Tabish Khan

Personal information
- Born: 12 December 1984 (age 41) Karachi, Pakistan
- Batting: Right handed
- Bowling: Right-arm fast-medium
- Role: Bowler

International information
- National side: Pakistan (2021);
- Only Test (cap 245): 7 May 2021 v Zimbabwe

Domestic team information
- 2014/15—2015/16: Sui Southern Gas Company
- 2016: Karachi Whites
- 2017/18—2018/19: Pakistan Television
- 2018: Karachi Kings
- 2019— 2022: Sindh
- 2023—present: Karachi Whites
- Source: Cricinfo, 7 May 2021

= Tabish Khan =

Pakistani cricketer

Tabish Khan (born 12 December 1984) is a Pakistani former cricketer who plays for Sindh. He made his international debut for the Pakistan cricket team in May 2021.

==Career==
Khan made his first-class debut at the age of 17 and built a reputation as one of the most consistent fast bowlers in Pakistan's domestic circuit. Despite performing strongly over many seasons, he remained outside national selection for a prolonged period. His sustained performances for teams such as Karachi Whites and Pakistan Television highlighted his effectiveness even on traditionally slow pitches in Karachi.

In November 2017, he was selected to play for the Karachi Kings in 2018 Pakistan Super League players draft.

He was the leading wicket-taker for Pakistan Television in the 2017–18 Quaid-e-Azam Trophy, with 37 dismissals in six matches. In September 2018, in round two of the 2018–19 Quaid-e-Azam Trophy, he took figures of 8 for 41 for Pakistan Television against Lahore Blues. He finished the tournament as the leading wicket-taker for Pakistan Television, with twenty-eight dismissals in five matches. In September 2019, he was named in Sindh's squad for the 2019–20 Quaid-e-Azam Trophy tournament.

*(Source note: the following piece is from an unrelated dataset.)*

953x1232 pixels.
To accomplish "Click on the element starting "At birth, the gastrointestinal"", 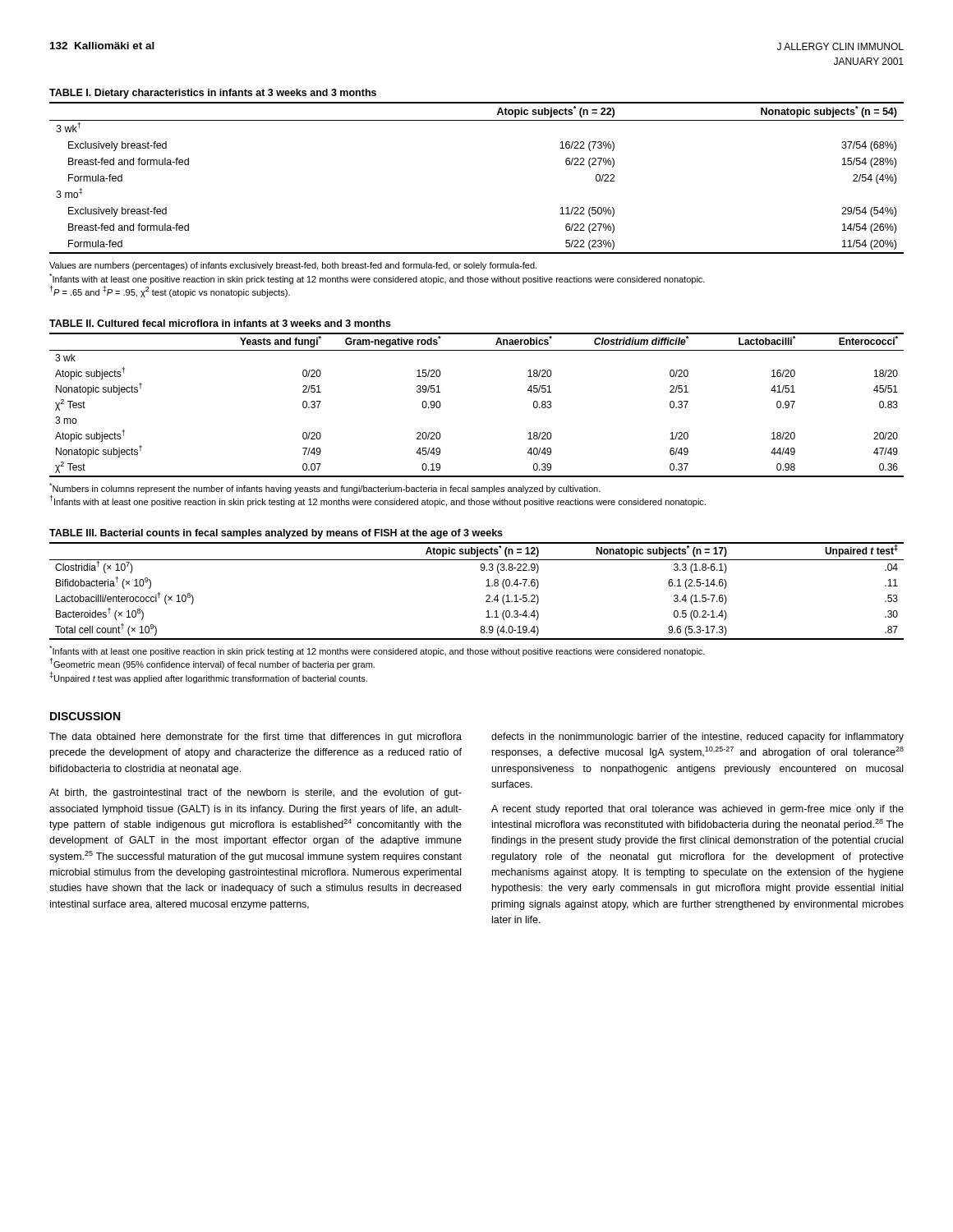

During the 2016–17 Quaid-e-Azam Trophy, Khan produced one of his most notable domestic performances when he took match figures of 11 for 76 for Karachi Whites, including six wickets in the first innings and five in the second.

In January 2021, he was named in Pakistan's Test squad for their series against South Africa. In March 2021, he was again named in Pakistan's Test squad, this time for their series against Zimbabwe. He made his Test debut for Pakistan, against Zimbabwe, on 7 May 2021. Making his debut at the age of 36, he became the third-oldest Pakistani Test debutant. Khan was also the oldest Test debutant for Pakistan in 66 years, and only Khalid "Billy" Ibadulla played more first-class games (218) than him (137) before making their Test debut for Pakistan.

His selection at the age of 36 was widely viewed as recognition of his long-standing consistency in domestic cricket after years of strong performances.

In November 2021, in the 2021–22 Quaid-e-Azam Trophy, Tabish took his 600th first-class wicket.